I'm having trouble creating indexes on this one table. It is a large table, 40 billion rows, 1.7 TB. It lives on a 3 TB drive, so with formatting, there is about 1 TB of free space.

So I create the index, and it starts copying all of the data into a temp table. Well of course, this filled up the drive eventually, and long before it was done. So my questions are A) what is happening now and B) how can I create this index? I have another index to create after this too. I should be able to fit them both on this drive, they're only indexing the first few characters of a binary text field.

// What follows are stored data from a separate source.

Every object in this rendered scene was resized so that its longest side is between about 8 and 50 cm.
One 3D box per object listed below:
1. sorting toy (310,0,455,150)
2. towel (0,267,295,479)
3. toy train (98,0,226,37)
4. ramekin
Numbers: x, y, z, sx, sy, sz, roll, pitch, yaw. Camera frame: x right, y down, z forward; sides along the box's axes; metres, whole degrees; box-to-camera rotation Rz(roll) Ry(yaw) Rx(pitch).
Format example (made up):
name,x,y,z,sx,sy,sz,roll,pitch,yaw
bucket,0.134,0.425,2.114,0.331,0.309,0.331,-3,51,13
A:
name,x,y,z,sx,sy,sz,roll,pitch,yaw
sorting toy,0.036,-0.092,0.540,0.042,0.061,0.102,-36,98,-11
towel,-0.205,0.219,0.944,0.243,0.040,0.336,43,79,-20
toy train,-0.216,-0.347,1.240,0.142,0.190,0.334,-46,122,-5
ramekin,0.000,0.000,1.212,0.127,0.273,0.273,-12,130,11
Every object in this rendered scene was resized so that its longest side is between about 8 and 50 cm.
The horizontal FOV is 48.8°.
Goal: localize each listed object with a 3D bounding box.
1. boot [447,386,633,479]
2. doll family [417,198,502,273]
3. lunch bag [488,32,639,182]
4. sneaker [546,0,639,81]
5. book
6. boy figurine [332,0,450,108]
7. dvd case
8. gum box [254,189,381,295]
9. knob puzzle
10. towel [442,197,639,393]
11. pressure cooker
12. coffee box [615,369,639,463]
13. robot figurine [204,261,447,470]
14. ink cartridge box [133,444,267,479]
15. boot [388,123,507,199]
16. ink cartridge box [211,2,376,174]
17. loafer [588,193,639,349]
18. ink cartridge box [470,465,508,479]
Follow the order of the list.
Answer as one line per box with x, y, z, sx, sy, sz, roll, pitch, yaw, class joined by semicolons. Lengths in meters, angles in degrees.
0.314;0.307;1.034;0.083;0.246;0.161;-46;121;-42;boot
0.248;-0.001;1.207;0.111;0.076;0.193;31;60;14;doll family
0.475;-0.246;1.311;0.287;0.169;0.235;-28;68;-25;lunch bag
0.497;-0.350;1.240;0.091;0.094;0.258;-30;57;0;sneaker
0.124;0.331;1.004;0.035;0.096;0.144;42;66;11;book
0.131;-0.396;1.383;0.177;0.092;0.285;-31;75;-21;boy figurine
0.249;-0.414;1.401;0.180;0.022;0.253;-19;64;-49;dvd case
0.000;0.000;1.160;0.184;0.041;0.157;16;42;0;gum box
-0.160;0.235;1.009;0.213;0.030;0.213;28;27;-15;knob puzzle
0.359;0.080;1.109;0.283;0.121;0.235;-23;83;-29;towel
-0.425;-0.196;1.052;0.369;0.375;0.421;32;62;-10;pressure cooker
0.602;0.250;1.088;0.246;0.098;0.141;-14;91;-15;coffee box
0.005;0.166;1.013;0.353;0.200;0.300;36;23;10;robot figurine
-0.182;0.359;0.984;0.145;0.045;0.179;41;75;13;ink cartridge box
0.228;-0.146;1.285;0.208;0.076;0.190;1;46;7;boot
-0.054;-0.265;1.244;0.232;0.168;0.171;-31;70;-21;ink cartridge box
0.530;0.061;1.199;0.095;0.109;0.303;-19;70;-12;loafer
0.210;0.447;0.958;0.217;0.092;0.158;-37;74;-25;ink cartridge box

So the current state of things, is that the index creation query is still running. It's on the "copy to tmp" stage. However on my server, there is no more disk activity of any significant kind, and very little MYSQL cpu usage. It doesn't look like the server is doing anything. It looks like once the drive filled, the task "paused" itself.

What do I do?

whoisgregg

4:04 pm on Nov 1, 2014 (gmt 0)

I don't have direct experience using the built-in feature, but I think this is the sort of problem for which partitioning [dev.mysql.com] was designed.

l008comm

9:37 pm on Nov 1, 2014 (gmt 0)

I don't see how partitioning would help me, since my table easily fits on it's drive?

brotherhood of LAN

10:39 pm on Nov 1, 2014 (gmt 0)

How are you measuring disk activity?

If that 1TB of data wasn't put in all at once and it's on a HDD, it could be that the data is fragmented and taking longer than you think it should. If you're on *nix there's a program called iotop that'll show you how busy the disk is and what's causing the IO.

l008comm

10:43 pm on Nov 1, 2014 (gmt 0)

I'm on OS X and am using Activity Monitor to see raw in and out, and activity is essentially flatlined. Also the 1.7 TB was put in all at once, on a freshly formatted drive.

incrediBILL

11:45 pm on Nov 1, 2014 (gmt 0)

When you add an index it basically has to update the table and how this is accomplished varies by database, but rule of thumb is you need double the space of the file.

Sometimes doing these things runs out of memory, disk space etc. because it's poorly written code.

How I would accomplish this would be to make a new table and import the data into the new table, but again you need double the space.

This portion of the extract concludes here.